Ama yeni kurulan üniversitelerde farklı bir yol izlenebiliyor. 90'lı yıllarda 20'ye yakın yeni üniversite kurulduğunda, tüm rektörleri dönemin hükümeti atamıştı. Milli Eğitim Bakanı Köksal Toptan adayları belirlemiş, Başbakan Demirel Çankaya'ya önermiş, Cumhurbaşkanı Özal da onaylamıştı.

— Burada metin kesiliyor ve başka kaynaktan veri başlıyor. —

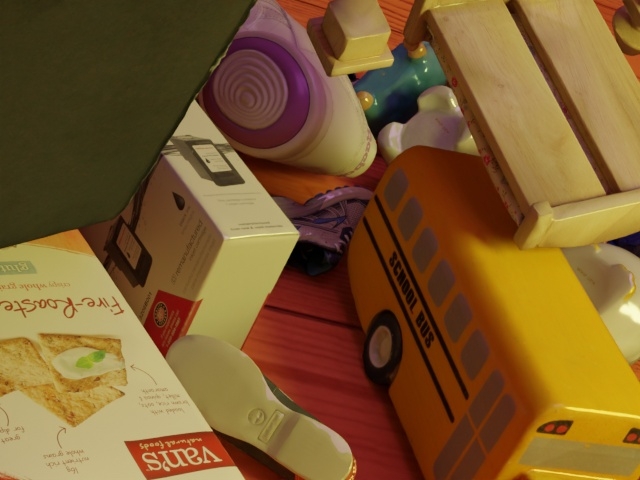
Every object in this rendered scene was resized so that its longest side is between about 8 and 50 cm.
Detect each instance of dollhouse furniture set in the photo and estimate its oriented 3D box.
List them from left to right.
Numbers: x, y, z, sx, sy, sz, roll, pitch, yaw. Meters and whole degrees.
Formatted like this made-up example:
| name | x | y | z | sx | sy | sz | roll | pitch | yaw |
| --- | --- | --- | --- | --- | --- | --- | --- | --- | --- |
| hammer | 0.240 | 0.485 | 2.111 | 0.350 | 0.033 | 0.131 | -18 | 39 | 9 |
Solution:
| name | x | y | z | sx | sy | sz | roll | pitch | yaw |
| --- | --- | --- | --- | --- | --- | --- | --- | --- | --- |
| dollhouse furniture set | 0.191 | -0.022 | 1.124 | 0.355 | 0.174 | 0.303 | -11 | 60 | -21 |

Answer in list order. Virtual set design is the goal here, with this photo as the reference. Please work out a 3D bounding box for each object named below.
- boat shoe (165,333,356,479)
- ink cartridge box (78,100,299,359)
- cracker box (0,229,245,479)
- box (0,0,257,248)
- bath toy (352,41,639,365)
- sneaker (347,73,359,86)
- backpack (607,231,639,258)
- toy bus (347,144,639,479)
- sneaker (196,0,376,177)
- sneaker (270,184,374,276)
| name | x | y | z | sx | sy | sz | roll | pitch | yaw |
| --- | --- | --- | --- | --- | --- | --- | --- | --- | --- |
| boat shoe | -0.036 | 0.107 | 0.983 | 0.137 | 0.049 | 0.043 | 34 | -12 | 14 |
| ink cartridge box | -0.093 | -0.011 | 1.048 | 0.063 | 0.109 | 0.150 | -5 | 43 | -40 |
| cracker box | -0.165 | 0.082 | 0.889 | 0.155 | 0.067 | 0.232 | -3 | 43 | -41 |
| box | -0.347 | -0.221 | 0.775 | 0.480 | 0.297 | 0.472 | -16 | 67 | -35 |
| bath toy | 0.161 | -0.025 | 1.276 | 0.348 | 0.151 | 0.129 | 57 | 4 | 40 |
| sneaker | 0.013 | -0.148 | 1.412 | 0.040 | 0.044 | 0.109 | 11 | 32 | -24 |
| backpack | 0.278 | 0.011 | 1.335 | 0.120 | 0.101 | 0.098 | 49 | 22 | -33 |
| toy bus | 0.119 | 0.090 | 1.047 | 0.108 | 0.130 | 0.333 | 11 | 34 | -27 |
| sneaker | -0.067 | -0.147 | 1.313 | 0.152 | 0.114 | 0.305 | 23 | 22 | -51 |
| sneaker | 0.000 | 0.000 | 1.179 | 0.135 | 0.052 | 0.058 | -10 | 57 | -37 |
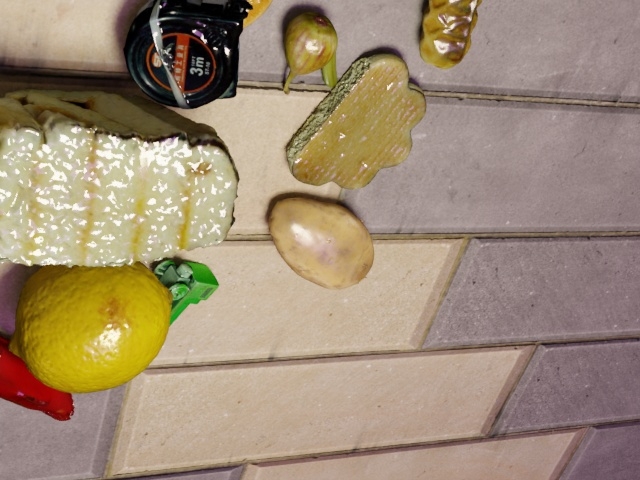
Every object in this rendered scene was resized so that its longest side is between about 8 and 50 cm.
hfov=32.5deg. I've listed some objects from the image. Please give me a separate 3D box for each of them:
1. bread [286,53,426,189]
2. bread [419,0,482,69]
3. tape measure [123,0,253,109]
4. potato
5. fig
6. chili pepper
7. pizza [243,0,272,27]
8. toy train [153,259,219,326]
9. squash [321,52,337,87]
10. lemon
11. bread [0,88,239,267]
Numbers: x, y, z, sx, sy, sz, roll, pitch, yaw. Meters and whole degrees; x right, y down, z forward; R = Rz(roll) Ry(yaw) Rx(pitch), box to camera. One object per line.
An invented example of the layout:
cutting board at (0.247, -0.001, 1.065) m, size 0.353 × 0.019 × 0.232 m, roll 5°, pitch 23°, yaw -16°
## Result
bread at (0.078, -0.198, 1.964) m, size 0.207 × 0.056 × 0.286 m, roll 31°, pitch 111°, yaw -39°
bread at (0.226, -0.407, 1.831) m, size 0.087 × 0.098 × 0.269 m, roll 20°, pitch 130°, yaw 11°
tape measure at (-0.206, -0.295, 1.678) m, size 0.181 × 0.107 × 0.182 m, roll 12°, pitch 132°, yaw -4°
potato at (-0.003, 0.004, 2.068) m, size 0.235 × 0.128 × 0.161 m, roll 11°, pitch 107°, yaw -29°
fig at (-0.018, -0.295, 1.806) m, size 0.093 × 0.093 × 0.166 m, roll -10°, pitch 132°, yaw -19°
chili pepper at (-0.567, 0.246, 2.011) m, size 0.110 × 0.110 × 0.387 m, roll -36°, pitch 139°, yaw 7°
pizza at (-0.129, -0.391, 1.696) m, size 0.131 × 0.041 × 0.178 m, roll 10°, pitch 124°, yaw -37°
toy train at (-0.305, 0.135, 2.059) m, size 0.251 × 0.085 × 0.119 m, roll -47°, pitch 149°, yaw 22°
squash at (0.015, -0.296, 1.866) m, size 0.028 × 0.027 × 0.083 m, roll -16°, pitch 135°, yaw -13°
lemon at (-0.396, 0.139, 1.895) m, size 0.267 × 0.267 × 0.267 m, roll -14°, pitch 134°, yaw -15°
bread at (-0.348, -0.114, 1.695) m, size 0.395 × 0.264 × 0.239 m, roll -1°, pitch 117°, yaw -27°
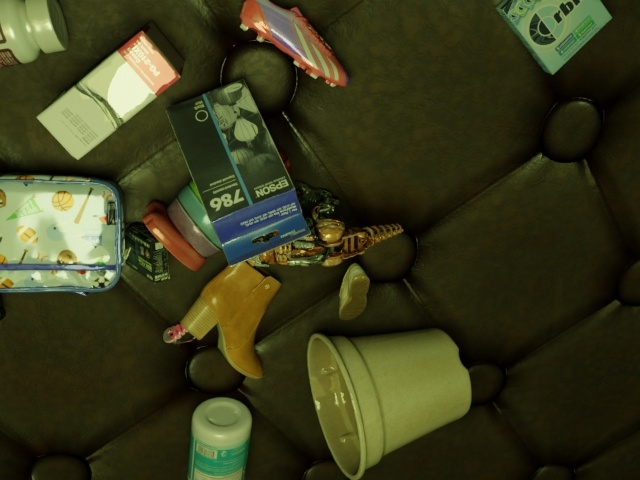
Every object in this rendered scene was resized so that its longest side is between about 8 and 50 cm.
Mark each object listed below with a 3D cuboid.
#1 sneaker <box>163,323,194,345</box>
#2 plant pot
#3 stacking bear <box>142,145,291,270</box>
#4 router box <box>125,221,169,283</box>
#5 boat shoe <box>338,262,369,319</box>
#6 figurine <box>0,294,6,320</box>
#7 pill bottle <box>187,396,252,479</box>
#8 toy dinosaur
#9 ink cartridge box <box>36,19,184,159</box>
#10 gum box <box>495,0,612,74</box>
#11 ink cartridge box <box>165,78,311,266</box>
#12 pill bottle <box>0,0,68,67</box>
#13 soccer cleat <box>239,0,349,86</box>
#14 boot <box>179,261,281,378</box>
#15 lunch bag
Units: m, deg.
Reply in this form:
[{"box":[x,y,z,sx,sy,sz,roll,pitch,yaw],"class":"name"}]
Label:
[{"box":[-0.301,0.210,1.401,0.119,0.047,0.057,-24,139,3],"class":"sneaker"},{"box":[0.166,0.346,1.418,0.305,0.334,0.333,-12,117,-18],"class":"plant pot"},{"box":[-0.187,-0.087,1.215,0.289,0.175,0.164,-39,109,0],"class":"stacking bear"},{"box":[-0.362,0.024,1.252,0.038,0.122,0.092,-21,123,-39],"class":"router box"},{"box":[0.075,0.120,1.412,0.063,0.059,0.170,-2,137,-17],"class":"boat shoe"},{"box":[-0.753,0.072,1.193,0.215,0.092,0.209,-12,113,-38],"class":"figurine"},{"box":[-0.253,0.534,1.502,0.146,0.146,0.264,4,115,-12],"class":"pill bottle"},{"box":[0.000,0.000,1.250,0.322,0.218,0.164,14,111,-17],"class":"toy dinosaur"},{"box":[-0.367,-0.272,1.078,0.237,0.172,0.100,-36,116,8],"class":"ink cartridge box"},{"box":[0.468,-0.457,1.214,0.184,0.041,0.157,39,104,-25],"class":"gum box"},{"box":[-0.154,-0.132,1.115,0.165,0.332,0.065,-23,161,-8],"class":"ink cartridge box"},{"box":[-0.559,-0.357,1.031,0.221,0.121,0.121,-12,117,-5],"class":"pill bottle"},{"box":[-0.036,-0.380,1.142,0.248,0.083,0.095,29,103,-19],"class":"soccer cleat"},{"box":[-0.158,0.178,1.379,0.211,0.104,0.295,-46,131,-5],"class":"boot"},{"box":[-0.525,-0.008,1.176,0.303,0.115,0.243,2,98,-15],"class":"lunch bag"}]
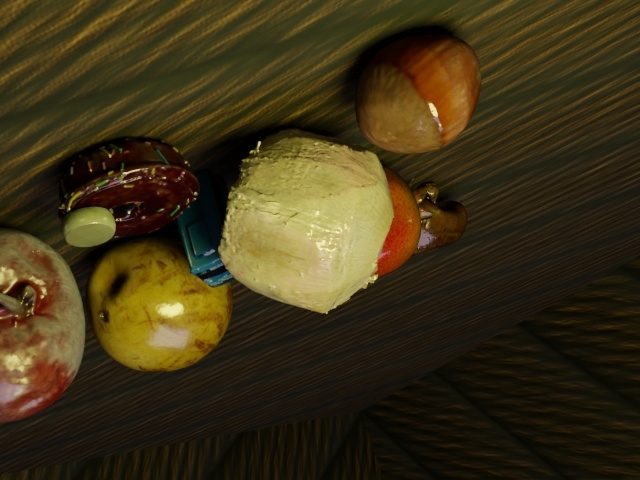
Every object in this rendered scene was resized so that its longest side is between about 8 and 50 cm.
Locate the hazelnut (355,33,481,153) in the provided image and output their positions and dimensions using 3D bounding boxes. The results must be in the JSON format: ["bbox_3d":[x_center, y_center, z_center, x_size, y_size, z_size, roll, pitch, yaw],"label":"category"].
[{"bbox_3d":[0.154,-0.230,1.521,0.214,0.176,0.214,-32,-165,10],"label":"hazelnut"}]

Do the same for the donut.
[{"bbox_3d":[-0.316,-0.085,1.590,0.235,0.089,0.235,-17,161,-6],"label":"donut"}]

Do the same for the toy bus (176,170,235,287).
[{"bbox_3d":[-0.196,-0.020,1.732,0.090,0.184,0.106,-24,157,13],"label":"toy bus"}]

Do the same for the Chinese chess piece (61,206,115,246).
[{"bbox_3d":[-0.363,-0.022,1.541,0.084,0.034,0.084,-14,157,-6],"label":"Chinese chess piece"}]

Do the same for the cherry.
[{"bbox_3d":[-0.559,0.138,1.664,0.291,0.326,0.335,3,-175,-45],"label":"cherry"}]

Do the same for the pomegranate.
[{"bbox_3d":[0.104,-0.042,1.897,0.257,0.220,0.221,-16,160,-14],"label":"pomegranate"}]

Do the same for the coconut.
[{"bbox_3d":[-0.011,-0.032,1.634,0.255,0.297,0.297,17,164,11],"label":"coconut"}]

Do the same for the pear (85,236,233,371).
[{"bbox_3d":[-0.311,0.121,1.894,0.281,0.280,0.280,-17,160,-6],"label":"pear"}]

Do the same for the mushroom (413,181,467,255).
[{"bbox_3d":[0.212,-0.028,2.142,0.231,0.138,0.194,-1,154,-40],"label":"mushroom"}]
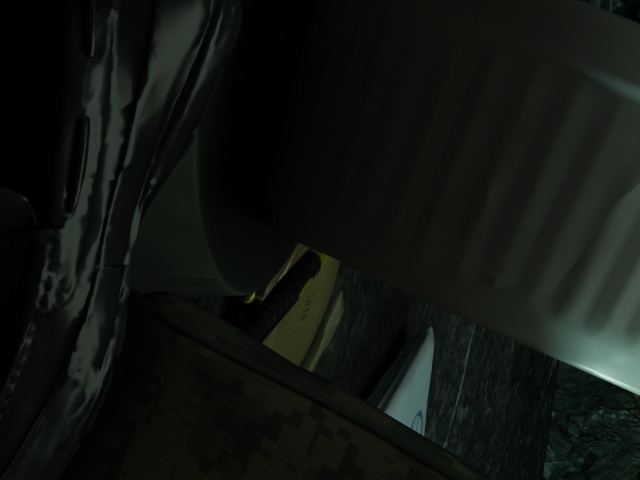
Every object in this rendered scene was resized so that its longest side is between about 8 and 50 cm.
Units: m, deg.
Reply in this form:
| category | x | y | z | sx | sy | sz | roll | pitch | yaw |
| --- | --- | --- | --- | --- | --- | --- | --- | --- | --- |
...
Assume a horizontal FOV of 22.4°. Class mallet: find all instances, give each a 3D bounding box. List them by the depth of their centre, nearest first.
| category | x | y | z | sx | sy | sz | roll | pitch | yaw |
| --- | --- | --- | --- | --- | --- | --- | --- | --- | --- |
| mallet | 0.000 | 0.000 | 0.842 | 0.190 | 0.039 | 0.062 | -47 | 155 | -49 |

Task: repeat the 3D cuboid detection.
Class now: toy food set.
| category | x | y | z | sx | sy | sz | roll | pitch | yaw |
| --- | --- | --- | --- | --- | --- | --- | --- | --- | --- |
| toy food set | -0.023 | 0.029 | 0.949 | 0.192 | 0.038 | 0.132 | 91 | 24 | -55 |

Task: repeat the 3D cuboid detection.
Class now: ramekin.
| category | x | y | z | sx | sy | sz | roll | pitch | yaw |
| --- | --- | --- | --- | --- | --- | --- | --- | --- | --- |
| ramekin | 0.101 | -0.019 | 0.717 | 0.127 | 0.272 | 0.273 | -66 | 166 | 1 |

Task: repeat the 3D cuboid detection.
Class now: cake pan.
| category | x | y | z | sx | sy | sz | roll | pitch | yaw |
| --- | --- | --- | --- | --- | --- | --- | --- | --- | --- |
| cake pan | -0.035 | -0.103 | 0.740 | 0.293 | 0.054 | 0.293 | 12 | 90 | -76 |

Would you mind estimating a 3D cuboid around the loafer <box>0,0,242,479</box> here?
| category | x | y | z | sx | sy | sz | roll | pitch | yaw |
| --- | --- | --- | --- | --- | --- | --- | --- | --- | --- |
| loafer | -0.101 | -0.005 | 0.545 | 0.078 | 0.076 | 0.223 | 21 | 90 | -37 |

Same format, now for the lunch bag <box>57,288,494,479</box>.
| category | x | y | z | sx | sy | sz | roll | pitch | yaw |
| --- | --- | --- | --- | --- | --- | --- | --- | --- | --- |
| lunch bag | -0.035 | 0.194 | 0.672 | 0.256 | 0.212 | 0.305 | -58 | 168 | -8 |

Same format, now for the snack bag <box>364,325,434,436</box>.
| category | x | y | z | sx | sy | sz | roll | pitch | yaw |
| --- | --- | --- | --- | --- | --- | --- | --- | --- | --- |
| snack bag | 0.030 | 0.276 | 1.350 | 0.342 | 0.037 | 0.323 | -50 | 148 | -64 |
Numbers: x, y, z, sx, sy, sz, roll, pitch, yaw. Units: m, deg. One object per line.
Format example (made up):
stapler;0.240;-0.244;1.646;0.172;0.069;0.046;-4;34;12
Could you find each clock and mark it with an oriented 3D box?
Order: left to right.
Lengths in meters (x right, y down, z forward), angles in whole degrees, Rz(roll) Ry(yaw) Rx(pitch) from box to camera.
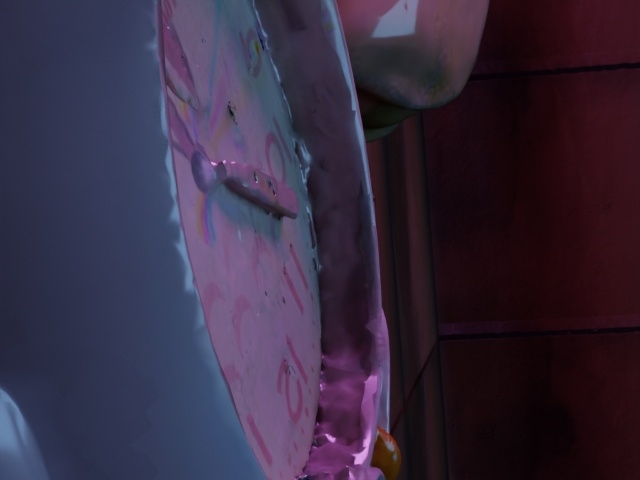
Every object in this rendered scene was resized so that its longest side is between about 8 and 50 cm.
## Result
clock;-0.114;0.024;0.563;0.368;0.250;0.377;-79;155;-54

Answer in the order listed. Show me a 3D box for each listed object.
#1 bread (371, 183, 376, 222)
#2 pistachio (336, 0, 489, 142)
bread;0.000;0.000;1.536;0.181;0.096;0.222;68;23;-58
pistachio;0.003;-0.300;1.170;0.365;0.281;0.445;-7;86;-52
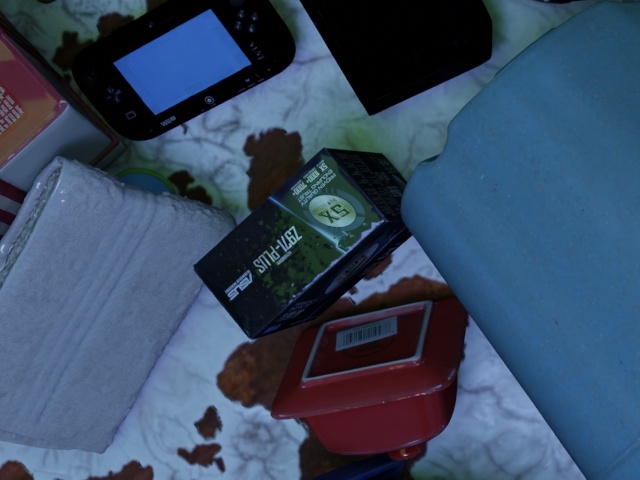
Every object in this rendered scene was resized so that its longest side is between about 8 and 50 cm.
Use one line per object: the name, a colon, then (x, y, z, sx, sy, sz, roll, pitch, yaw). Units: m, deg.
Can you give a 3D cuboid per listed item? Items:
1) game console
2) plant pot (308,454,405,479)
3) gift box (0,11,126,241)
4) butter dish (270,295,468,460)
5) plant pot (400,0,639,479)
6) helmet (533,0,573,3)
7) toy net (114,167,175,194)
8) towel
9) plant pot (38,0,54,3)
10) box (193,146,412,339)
game console: (-0.047, -0.178, 1.136, 0.361, 0.044, 0.213, -24, 111, 25)
plant pot: (0.058, 0.311, 1.076, 0.212, 0.236, 0.235, 25, 99, 20)
gift box: (-0.359, -0.093, 1.149, 0.276, 0.258, 0.255, -38, 84, 0)
butter dish: (0.057, 0.133, 1.118, 0.160, 0.160, 0.118, -14, 112, 17)
plant pot: (0.257, 0.021, 0.962, 0.341, 0.341, 0.334, -44, 73, 14)
helmet: (0.202, -0.263, 1.014, 0.170, 0.161, 0.169, 6, 110, 17)
toy net: (-0.210, 0.039, 1.233, 0.232, 0.045, 0.122, -38, 112, 18)
towel: (-0.211, 0.066, 1.156, 0.282, 0.187, 0.049, -57, 41, 18)
plant pot: (-0.234, -0.350, 1.137, 0.212, 0.187, 0.212, -21, 87, 17)
box: (0.000, 0.000, 1.093, 0.147, 0.180, 0.077, -42, 80, 14)
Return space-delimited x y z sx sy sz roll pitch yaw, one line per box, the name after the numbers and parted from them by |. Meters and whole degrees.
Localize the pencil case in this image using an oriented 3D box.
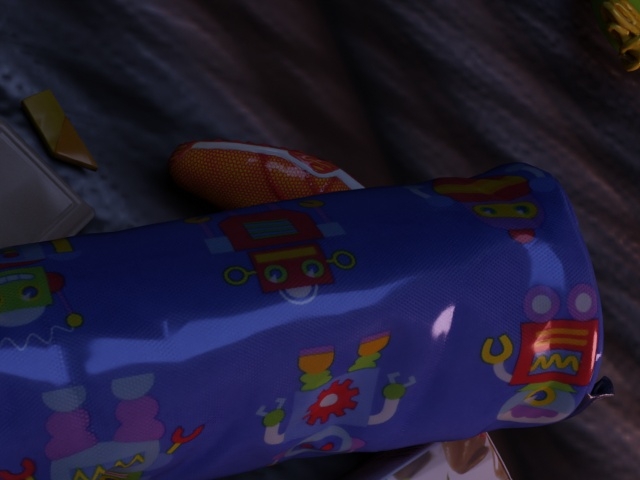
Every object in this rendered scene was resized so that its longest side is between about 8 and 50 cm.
-0.026 0.048 0.491 0.306 0.133 0.119 -10 43 -20 | pencil case

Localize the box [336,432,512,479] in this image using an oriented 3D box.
-0.042 0.179 0.496 0.324 0.067 0.063 -26 87 -33 | box

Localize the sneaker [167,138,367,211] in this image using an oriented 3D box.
0.000 0.000 0.581 0.175 0.064 0.067 26 73 -16 | sneaker

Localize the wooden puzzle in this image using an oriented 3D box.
-0.153 -0.016 0.532 0.078 0.014 0.116 49 58 -1 | wooden puzzle

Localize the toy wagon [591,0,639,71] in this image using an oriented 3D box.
0.268 -0.227 0.797 0.267 0.068 0.344 43 60 -9 | toy wagon
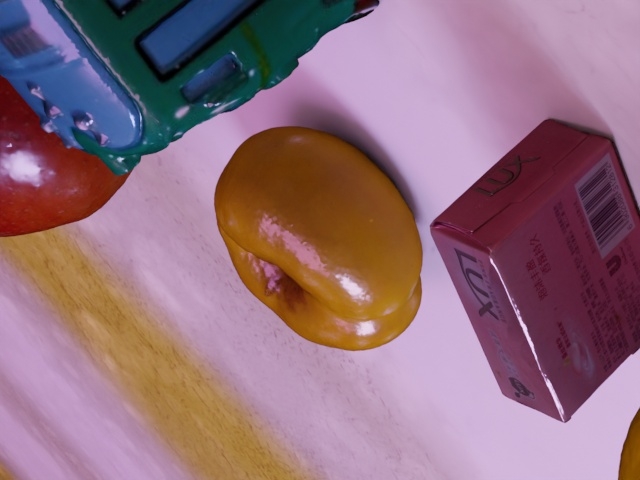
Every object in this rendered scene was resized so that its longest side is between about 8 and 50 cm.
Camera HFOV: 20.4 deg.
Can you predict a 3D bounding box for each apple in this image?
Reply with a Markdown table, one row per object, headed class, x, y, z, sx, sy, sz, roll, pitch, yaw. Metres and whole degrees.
| class | x | y | z | sx | sy | sz | roll | pitch | yaw |
| --- | --- | --- | --- | --- | --- | --- | --- | --- | --- |
| apple | -0.245 | -0.113 | 1.371 | 0.218 | 0.218 | 0.201 | 20 | 148 | 47 |

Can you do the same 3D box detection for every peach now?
| class | x | y | z | sx | sy | sz | roll | pitch | yaw |
| --- | --- | --- | --- | --- | --- | --- | --- | --- | --- |
| peach | 0.000 | 0.000 | 1.273 | 0.179 | 0.103 | 0.179 | 41 | 160 | 19 |

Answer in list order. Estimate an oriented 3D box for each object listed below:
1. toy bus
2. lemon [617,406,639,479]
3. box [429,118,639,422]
| class | x | y | z | sx | sy | sz | roll | pitch | yaw |
| --- | --- | --- | --- | --- | --- | --- | --- | --- | --- |
| toy bus | -0.148 | -0.209 | 1.061 | 0.343 | 0.199 | 0.183 | 53 | 156 | -20 |
| lemon | 0.256 | 0.133 | 0.941 | 0.203 | 0.178 | 0.178 | 25 | 150 | 39 |
| box | 0.138 | 0.019 | 1.047 | 0.060 | 0.111 | 0.156 | 21 | 145 | 48 |
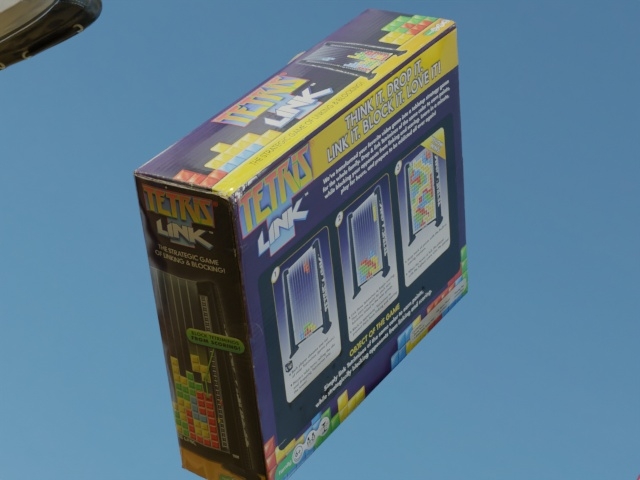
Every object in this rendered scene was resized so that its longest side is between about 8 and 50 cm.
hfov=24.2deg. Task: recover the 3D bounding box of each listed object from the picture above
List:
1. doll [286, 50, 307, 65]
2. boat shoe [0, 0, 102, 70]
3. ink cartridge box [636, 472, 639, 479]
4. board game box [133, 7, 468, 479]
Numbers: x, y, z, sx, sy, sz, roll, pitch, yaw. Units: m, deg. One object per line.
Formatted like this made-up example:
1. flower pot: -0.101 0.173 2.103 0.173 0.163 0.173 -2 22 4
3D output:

Bu rektörlerin pek çoğu tarikat kökenli olduğu için sonraki yıllarda bu yöntem yoğun eleştirilere neden olmuştu. Ne zaman yeni üniversite kurulması gündeme gelse, rektör atamalarının hükümet tarafından değil, YÖK'ün önerisi ve Cumhurbaşkanı'nın onayıyla gerçekleşmesi, bu tartışmalarda gelinen son nokta olmuştu.
Hükümet, bu konuda daha önce yaşanan tartışmaları hiç dikkate almayarak, tıpkı Demirel'in yaptığı gibi, 15 yeni üniversite yasasına geçici bir madde koyup, kurucu rektörleri belirleme yetkisini uhdesine aldı. Vetoyu da işte bu yüzden yedi.

Cumhurbaşkanı Sezer, 2547 sayılı Yükseköğretim Yasası'nın 13. maddesiyle, rektör adaylarını belirleyip önerme yetkisinin YÖK'e verildiğine işaret etti. Sezer, 5447 sayılı yasanın geçici 1. maddesinde, yeni kurulan üniversitelerde kurucu rektör adaylarının Milli Eğitim Bakanı ve Başbakanca belirlenmesinin, üniversitelerin bilimsel ve yönetsel özerkliğiyle, Yükseköğretim Kurulu'nun Anayasa'da belirlenen görev ve yetkileriyle bağdaşmadığını, hizmetin gereğine ve kamu yararına uygun düşmediğini kaydetti.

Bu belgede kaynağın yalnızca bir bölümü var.